Looking at any of the “worker-rt” labeled nodes should reveal kernel parameters calculated and set by the realtime Tuned profile:

$ echo 'cat /proc/cmdline' | oc debug node/<rt-node>
BOOT_IMAGE=(hd0,gpt1)/ostree/rhcos-98c9b430a9a4b27263eb20ac33df3737681efe0cc866f51d2a9d7c0985a50348/vmlinuz-4.18.0-211.el8.x86_64 rhcos.root=crypt_rootfs random.trust_cpu=on console=tty0 console=ttyS0,115200n8 rd.luks.options=discard ostree=/ostree/boot.1/rhcos/98c9b430a9a4b27263eb20ac33df3737681efe0cc866f51d2a9d7c0985a50348/0 ignition.platform.id=aws skew_tick=1 isolcpus=1 intel_pstate=disable nosoftlockup tsc=nowatchdog

We also see the realtime Tuned profile’s parameters appended to the kernel command-line.

Based on isolated_cores=1 defined in the Tuned custom resource (openshift-tuned), the Tuned daemon calculated the mask for the irqbalance daemon, updated its host configuration file, and reloaded it. Let us view that on the node:

$ echo 'grep ^IRQ /host/etc/sysconfig/irq*' | oc debug node/<rt-node>
IRQBALANCE_BANNED_CPUS=00000002

There are other settings applied by the realtime profile in the background via the Tuned daemon, such as setting kernel runtime parameters, using the [scheduler] plugin to set SMP IRQ affinity, and setting process/kthread CPU affinity mask.
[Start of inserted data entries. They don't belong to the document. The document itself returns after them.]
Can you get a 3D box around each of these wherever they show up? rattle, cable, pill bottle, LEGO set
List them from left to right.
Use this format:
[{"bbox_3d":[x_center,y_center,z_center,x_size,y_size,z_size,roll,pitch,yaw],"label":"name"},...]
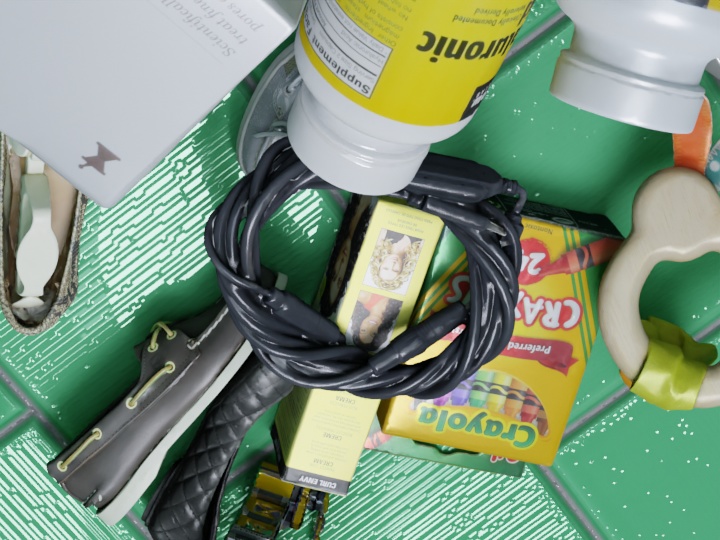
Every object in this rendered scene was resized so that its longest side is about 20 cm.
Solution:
[{"bbox_3d":[-0.043,0.237,1.056,0.115,0.154,0.201,18,100,4],"label":"LEGO set"},{"bbox_3d":[0.000,0.000,0.960,0.198,0.051,0.164,8,113,-15],"label":"cable"},{"bbox_3d":[0.029,-0.139,0.846,0.111,0.112,0.201,15,133,-13],"label":"pill bottle"},{"bbox_3d":[0.164,-0.179,0.820,0.111,0.112,0.201,11,105,-12],"label":"pill bottle"},{"bbox_3d":[0.218,-0.013,1.037,0.129,0.143,0.202,-7,87,20],"label":"rattle"}]

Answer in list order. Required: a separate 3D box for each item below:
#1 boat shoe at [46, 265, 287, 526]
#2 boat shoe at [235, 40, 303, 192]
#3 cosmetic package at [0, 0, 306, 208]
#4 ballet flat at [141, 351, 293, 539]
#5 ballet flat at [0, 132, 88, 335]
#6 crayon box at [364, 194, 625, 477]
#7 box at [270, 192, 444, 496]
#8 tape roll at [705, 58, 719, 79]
[{"bbox_3d":[-0.125,0.071,1.026,0.060,0.072,0.202,37,93,-8],"label":"boat shoe"},{"bbox_3d":[-0.001,-0.114,0.965,0.202,0.065,0.074,-40,125,21],"label":"boat shoe"},{"bbox_3d":[-0.126,-0.179,0.845,0.165,0.201,0.165,39,124,-20],"label":"cosmetic package"},{"bbox_3d":[-0.078,0.110,1.046,0.057,0.066,0.201,35,114,2],"label":"ballet flat"},{"bbox_3d":[-0.194,-0.053,0.970,0.067,0.075,0.202,4,109,-9],"label":"ballet flat"},{"bbox_3d":[0.087,0.051,1.062,0.126,0.051,0.201,11,108,-13],"label":"crayon box"},{"bbox_3d":[-0.005,0.040,1.033,0.050,0.075,0.201,14,106,-14],"label":"box"},{"bbox_3d":[0.274,-0.199,0.952,0.201,0.139,0.204,-3,110,-8],"label":"tape roll"}]
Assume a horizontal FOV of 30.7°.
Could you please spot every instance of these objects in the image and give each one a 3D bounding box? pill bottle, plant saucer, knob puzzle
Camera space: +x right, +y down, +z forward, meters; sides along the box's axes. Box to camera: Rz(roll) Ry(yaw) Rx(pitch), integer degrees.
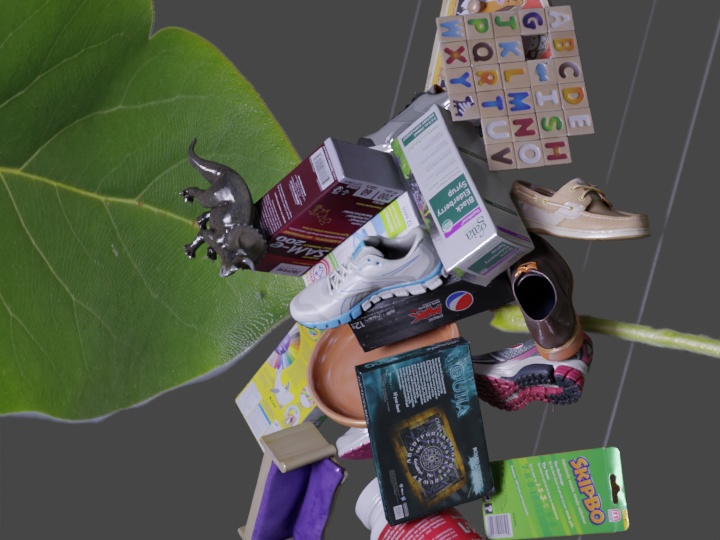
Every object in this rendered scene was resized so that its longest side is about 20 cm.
[{"bbox_3d":[0.085,0.337,1.593,0.200,0.112,0.112,45,114,35],"label":"pill bottle"},{"bbox_3d":[0.032,0.115,1.617,0.200,0.037,0.200,-14,46,15],"label":"plant saucer"},{"bbox_3d":[0.166,-0.287,1.647,0.220,0.030,0.220,-6,81,41],"label":"knob puzzle"}]

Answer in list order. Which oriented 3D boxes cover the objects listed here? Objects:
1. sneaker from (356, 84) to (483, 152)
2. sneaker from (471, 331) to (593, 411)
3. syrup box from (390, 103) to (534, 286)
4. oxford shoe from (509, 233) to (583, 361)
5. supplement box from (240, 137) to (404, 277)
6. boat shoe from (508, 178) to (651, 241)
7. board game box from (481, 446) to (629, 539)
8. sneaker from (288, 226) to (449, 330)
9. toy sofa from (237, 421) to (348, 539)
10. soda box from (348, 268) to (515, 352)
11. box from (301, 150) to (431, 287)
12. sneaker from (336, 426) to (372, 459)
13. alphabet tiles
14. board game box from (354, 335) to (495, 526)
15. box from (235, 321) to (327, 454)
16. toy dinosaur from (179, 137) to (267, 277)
[{"bbox_3d":[0.079,-0.190,1.681,0.200,0.074,0.079,-15,83,37],"label":"sneaker"},{"bbox_3d":[0.195,0.117,1.554,0.200,0.081,0.075,-8,46,48],"label":"sneaker"},{"bbox_3d":[0.117,-0.088,1.535,0.079,0.081,0.200,-39,54,27],"label":"syrup box"},{"bbox_3d":[0.206,0.011,1.513,0.071,0.073,0.200,-27,39,11],"label":"oxford shoe"},{"bbox_3d":[-0.057,-0.072,1.581,0.200,0.109,0.061,-38,59,33],"label":"supplement box"},{"bbox_3d":[0.247,-0.073,1.521,0.200,0.074,0.069,9,97,43],"label":"boat shoe"},{"bbox_3d":[0.226,0.262,1.532,0.200,0.030,0.096,-16,76,43],"label":"board game box"},{"bbox_3d":[0.000,0.000,1.549,0.200,0.087,0.075,-24,44,8],"label":"sneaker"},{"bbox_3d":[-0.092,0.306,1.733,0.098,0.083,0.200,49,138,36],"label":"toy sofa"},{"bbox_3d":[0.081,0.027,1.596,0.200,0.071,0.063,-19,43,9],"label":"soda box"},{"bbox_3d":[0.020,-0.044,1.650,0.200,0.101,0.113,-36,61,33],"label":"box"},{"bbox_3d":[0.040,0.170,1.683,0.200,0.081,0.088,-42,55,23],"label":"sneaker"},{"bbox_3d":[0.186,-0.216,1.557,0.008,0.167,0.200,109,154,-74],"label":"alphabet tiles"},{"bbox_3d":[0.077,0.188,1.528,0.028,0.135,0.200,-138,35,-68],"label":"board game box"},{"bbox_3d":[-0.083,0.156,1.811,0.200,0.048,0.117,-52,55,28],"label":"box"},{"bbox_3d":[-0.160,-0.068,1.568,0.102,0.077,0.200,-20,63,27],"label":"toy dinosaur"}]

Adding kernel parameters on RHCOS nodes can be achieved by creating MachineConfigs and MachineConfigPools manually. However, setting them via the new NTO 4.5 functionality has an advantage of building on top of existing profiles, using additional Tuned plugins including [scheduler], [irqbalance], and the ability to override kernel parameters defined by other Tuned profiles.

But Is This enough?

The new MachineConfigPool matching functionality introduced in OCP 4.5 helps in many application scenarios and improves the compatibility with RHEL-shipped Tuned profiles. However, there are other considerations not covered by Tuned profiles that need to be addressed for applications sensitive to CPU and network latency.

Some of these considerations are:

  • NUMA-aware hugepage runtime allocation immediately after system boot.
  • Installing a real-time kernel.
  • Setting kubelet’s reservedSystemCPUs option to complement the isolcpus kernel parameter.
  • Setting kubelet’s topologyPolicy option.

The Performance Addon Operator (PAO) addresses the considerations above and works with the NTO by creating NTO resources to apply Tuned profiles to achieve the required latency on selected nodes.

Future Work

There are currently several areas of work planned for the NTO:

  • Integrating the latest Tuned 2.14 as the operand for the NTO.
  • Implementation of an interface for retrieving operator’s metrics.
  • Support for the [bootloader] plugin on RHEL 7.x hosts.
  • General compatibility improvements for all Tuned profiles.